Fake illnesses, or more accurately: fake diagnoses, are a major problem, and they come in a variety of forms, from Morgellons disease to electromagnetic hypersensitivity. And to emphasize: There is no doubt that many of the people diagnosed with these diagnoses, either by quacks or by themselves, suffer – they may, indeed, really suffer from real diseases. But they are not suffering from the non-existing diseases they have been labeled with and that the quacks descending on these people, who are often in difficult situations, claim to be able to cure.
Mary Ackerley is listed as an ostensibly “certified” provider who runs the website survivingmold.com, apparently the go-to site for those who have been convinced that they suffer from “chronic mold sensitivity”, or, as the website puts it, “mold illness” or “chronic inflammatory response syndrome” – the nonsense was even featured in Netflix’s Afflicted. The diagnosis is not recognized by any serious medical organization, because there is no such illness, but according to Ackerley’s site, it can be the cause of as many as 40 different, unrelated and often vague symptoms. Ackerley’s opportunities to hand out the diagnosis and suggest sometimes relatively costly “remedies” to people in real difficult situations, are accordingly significant.

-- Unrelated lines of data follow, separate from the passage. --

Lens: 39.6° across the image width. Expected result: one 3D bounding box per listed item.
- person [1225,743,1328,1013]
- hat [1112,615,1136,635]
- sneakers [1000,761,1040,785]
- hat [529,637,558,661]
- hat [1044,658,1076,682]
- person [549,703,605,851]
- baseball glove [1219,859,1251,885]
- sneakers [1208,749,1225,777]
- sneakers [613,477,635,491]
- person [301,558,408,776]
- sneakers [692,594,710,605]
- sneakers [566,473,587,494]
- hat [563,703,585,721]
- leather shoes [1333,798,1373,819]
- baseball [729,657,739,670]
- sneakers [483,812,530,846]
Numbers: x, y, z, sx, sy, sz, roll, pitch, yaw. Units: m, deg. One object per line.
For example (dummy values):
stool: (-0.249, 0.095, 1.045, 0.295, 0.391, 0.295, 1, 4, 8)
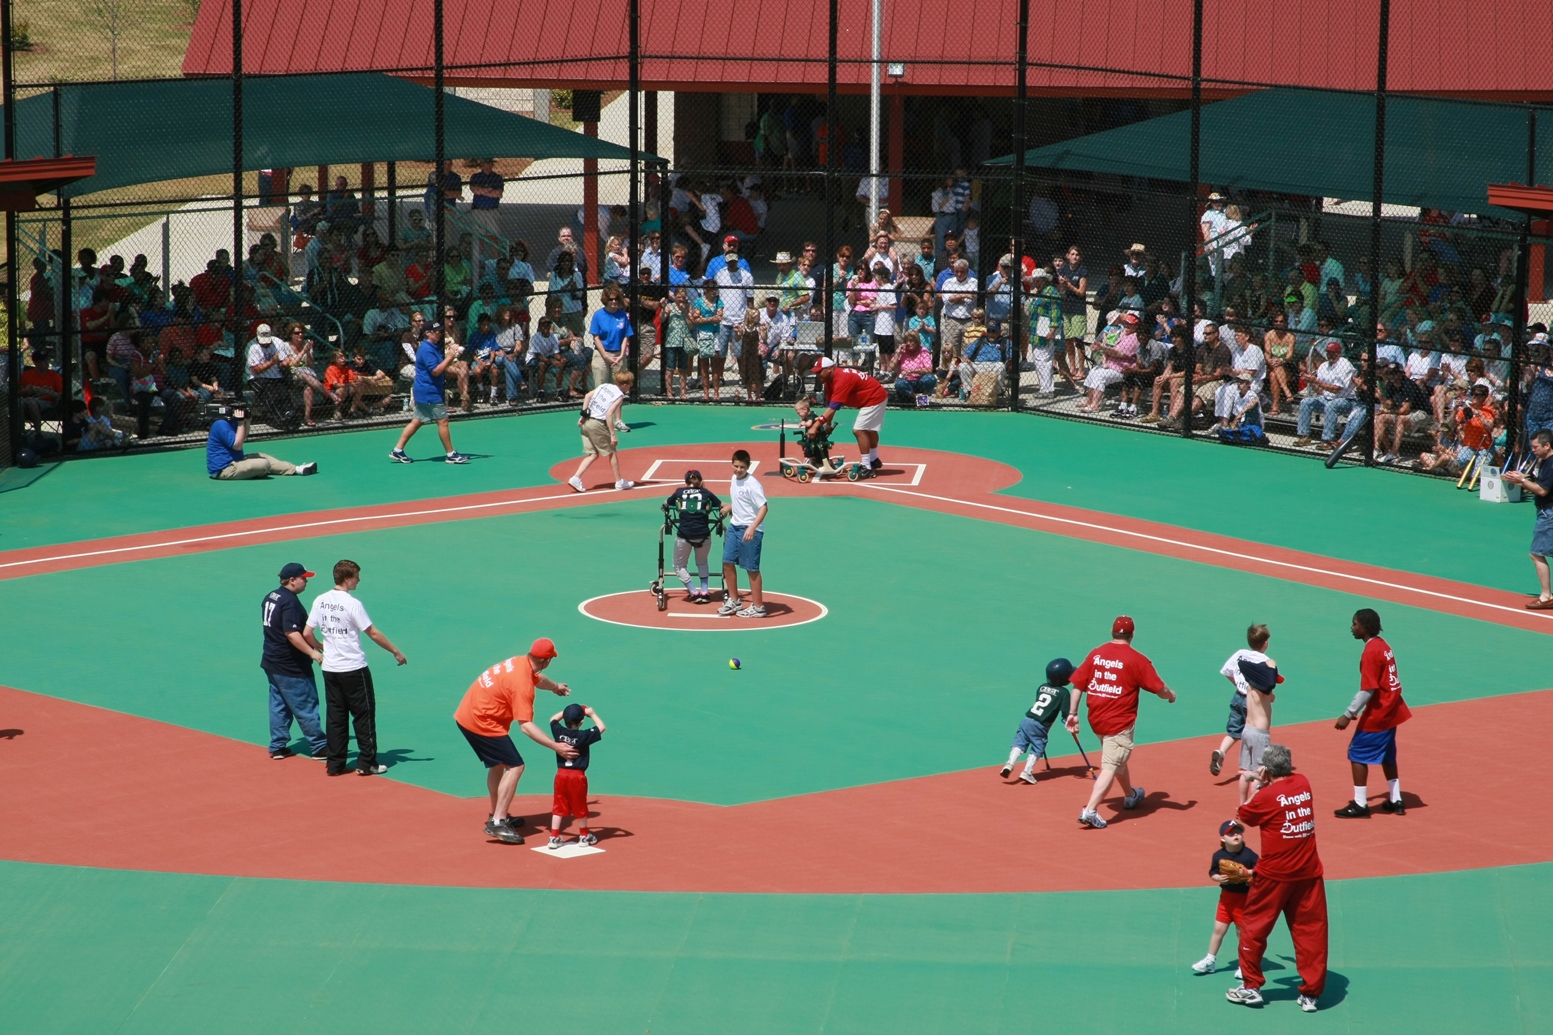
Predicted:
person: (5.698, 4.046, 24.692, 1.067, 2.747, 0.860, 0, 0, 5)
hat: (4.445, 1.404, 27.665, 0.274, 0.230, 0.392, 7, 24, 15)
sneakers: (3.200, 3.405, 28.533, 0.534, 0.228, 0.180, 0, 7, 0)
hat: (-2.904, 1.654, 26.878, 0.266, 0.243, 0.392, 8, 21, 5)
hat: (3.686, 1.985, 28.049, 0.249, 0.277, 0.341, 9, 43, 25)
person: (-2.501, 3.178, 26.867, 0.614, 1.818, 0.731, 0, 9, -8)
baseball glove: (5.154, 3.990, 24.307, 0.252, 0.066, 0.256, 13, -25, 13)
sneakers: (5.702, 3.253, 28.080, 0.146, 0.436, 0.172, 4, 11, 28)
sneakers: (-2.784, -0.563, 39.696, 0.331, 0.149, 0.204, -11, -5, -7)
person: (-5.646, 1.985, 28.521, 0.943, 2.854, 1.289, -4, 10, -28)
sneakers: (-1.189, 1.297, 33.885, 0.311, 0.144, 0.182, -2, 9, -20)
sneakers: (-3.645, -0.593, 39.482, 0.154, 0.200, 0.428, 51, 8, 28)
hat: (-2.482, 2.413, 26.542, 0.224, 0.168, 0.224, -36, -13, -24)
leather shoes: (7.422, 3.762, 27.823, 0.410, 0.195, 0.209, 2, 5, 10)
baseball: (-0.603, 2.169, 31.515, 0.129, 0.155, 0.141, -10, 40, -14)
sneakers: (-3.410, 3.903, 27.048, 0.642, 0.293, 0.233, 6, 22, -24)

Ackerley herself is apparently a trained psychiatrist, who at some point turned to pushing various types of woo, including unnecessary “supplements galore” (her own phrase) and various techniques unsupported by evidence, on her potential clients instead. She is also president of something called “The International Society for Environmentally Acquired Illness” (ISEAI), which is probably not an organization to turn to for advice if you have actual health issues, and – according to herself – “a leader in the chronic inflammatory response syndrome (CIRS) field”. “CIRS” is a fake fad diagnosis that sounds like something that could be confused with something that Ackerley, a psychiatrist, has no qualifications to offer advice on. She has also written a book, Brain on Fire: The Role of Toxic Mold in Triggering Psychiatric Symptoms, and, like her website, it is full of references to toxins, one of the core gambits in modern health pseudoscience. Indeed, Ackerley seems to think that most of what we think of as psychiatric illnesses are really caused by toxins in the environment. This is false, and dangerously so, but in Ackerley’s mind her ideas represent an imminent paradigm shift that will soon be adopted by the reactionary scientific community. She’s just like Semmelweiss.
Diagnosis: She knows how to sound professional, but her ideas are as quacky as any snakeoil salesman’s, and they have the potential to harm real people. A potential rising star on the woo circuit, so attention is warranted.